Use the Other options tab to set additional parameters for periods.
- Series starting period (optional): This option allows you to specify the starting period of the time series, which is reflected in the forecast plot. If Target Field Frequency is set to Hourly, Daily (all days), or Daily (weekdays only), this option is not available.
- The number of periods to include in the forecast plot: This plot that contains the original data and a number of forecast future points (along with 80% and 95% confidence intervals around the forecast points). You can specify the number of periods that should be forecast into the future for the plot.

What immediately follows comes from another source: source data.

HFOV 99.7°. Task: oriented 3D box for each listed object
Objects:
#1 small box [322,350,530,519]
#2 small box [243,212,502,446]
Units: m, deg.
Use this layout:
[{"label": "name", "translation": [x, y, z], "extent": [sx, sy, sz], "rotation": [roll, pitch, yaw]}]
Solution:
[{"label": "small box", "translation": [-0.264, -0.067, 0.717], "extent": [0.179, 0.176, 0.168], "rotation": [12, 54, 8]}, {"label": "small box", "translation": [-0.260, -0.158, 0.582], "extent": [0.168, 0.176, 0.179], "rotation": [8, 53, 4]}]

- Select Week Format: This allows you to choose a method to specify work weeks. These options relate to what constitutes the first week of the year, and what day of the week a week begins on.
- US: Sunday is the first day of the week.

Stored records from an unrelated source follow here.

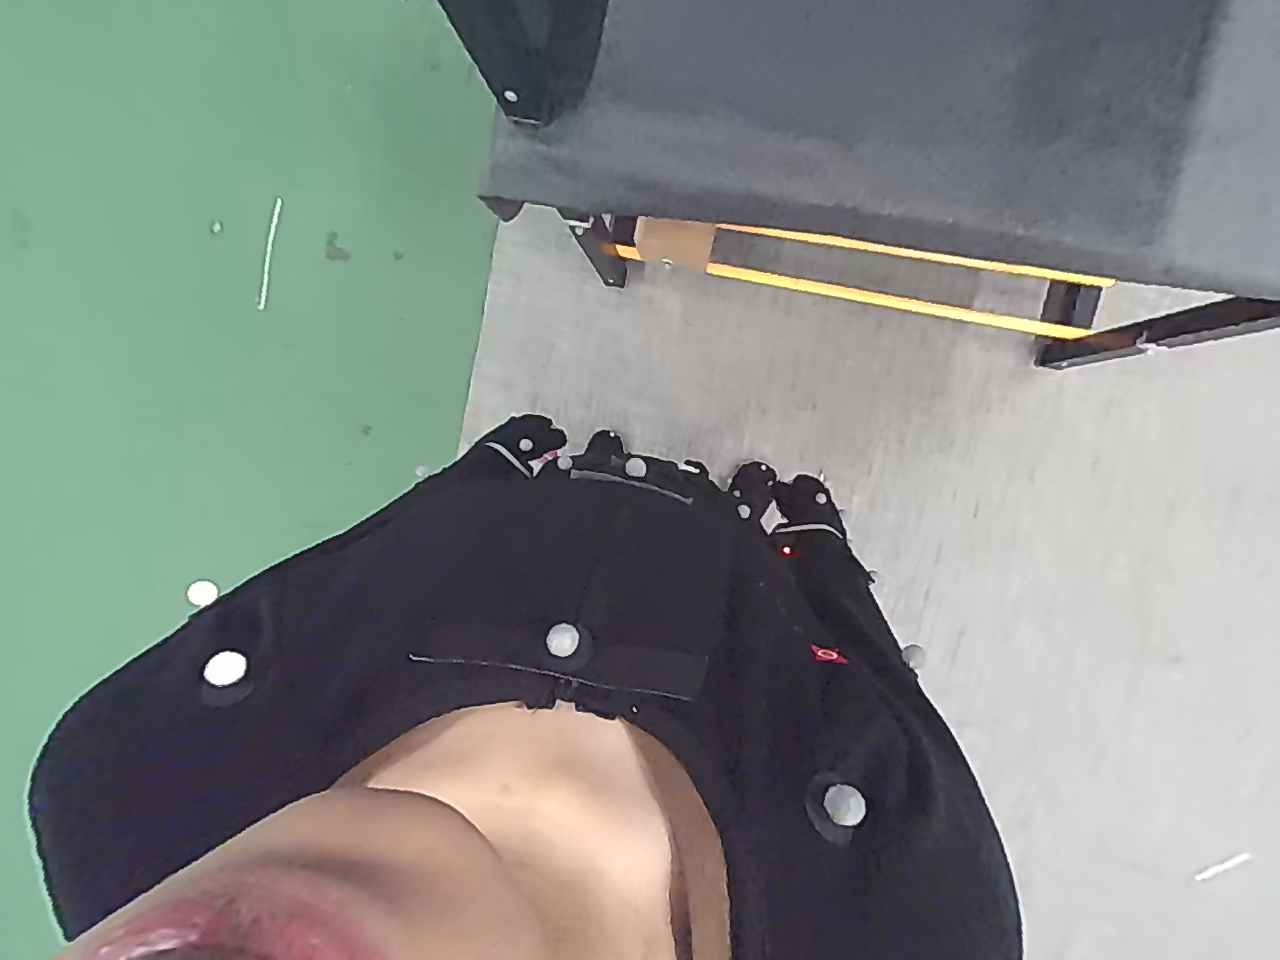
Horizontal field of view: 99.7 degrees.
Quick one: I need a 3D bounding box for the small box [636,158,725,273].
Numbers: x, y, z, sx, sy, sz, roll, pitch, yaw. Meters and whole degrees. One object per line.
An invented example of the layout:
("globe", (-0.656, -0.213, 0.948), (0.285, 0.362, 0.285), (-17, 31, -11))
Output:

- UK: Monday is the first day of the week.
- ISO8601: Monday is the first day of the week.
Use the Graphics Options tab to set the controls for the graphical output.
- Plot size: Select inches or centimeters for the size of the graph.
- Graph resolution: Select the resolution of the graph in dots per inch: 1x (96 dpi), 2x (192 dpi), or 3x (288 dpi). Lower resolution creates a smaller file and is best for viewing on a monitor. Higher resolution creates a larger file with better print quality.
- Base font size (points): Select the size of the font in the graph.
View the Output
- O anchor: Consists of an output stream that contains the ARIMA model object that can be used for both point forecasts and a user-specified percentile confidence interval surrounding those forecasts.
- R anchor: Consists of the report snippets generated by the ARIMA tool: a statistical summary, autocorrelation diagnostic plots, and forecast plots.
- I anchor: An interactive html dashboard that consists of plots and metrics. Select the different graphical elements to interact with the visualizations to reveal more information, values, metrics, and analytics.
Expected Behavior: Plot Calculations
The forecast plot uses a default date for calculations if any of these configuration settings are used:
- Target Field Frequency is set to Hourly, Daily (all days), or Daily (weekdays only).
- Target Field Frequency is set to Weekly, Monthly, Quarterly, or Annually and the Series starting period is not set.
The default date used might vary, making the calculation appear random.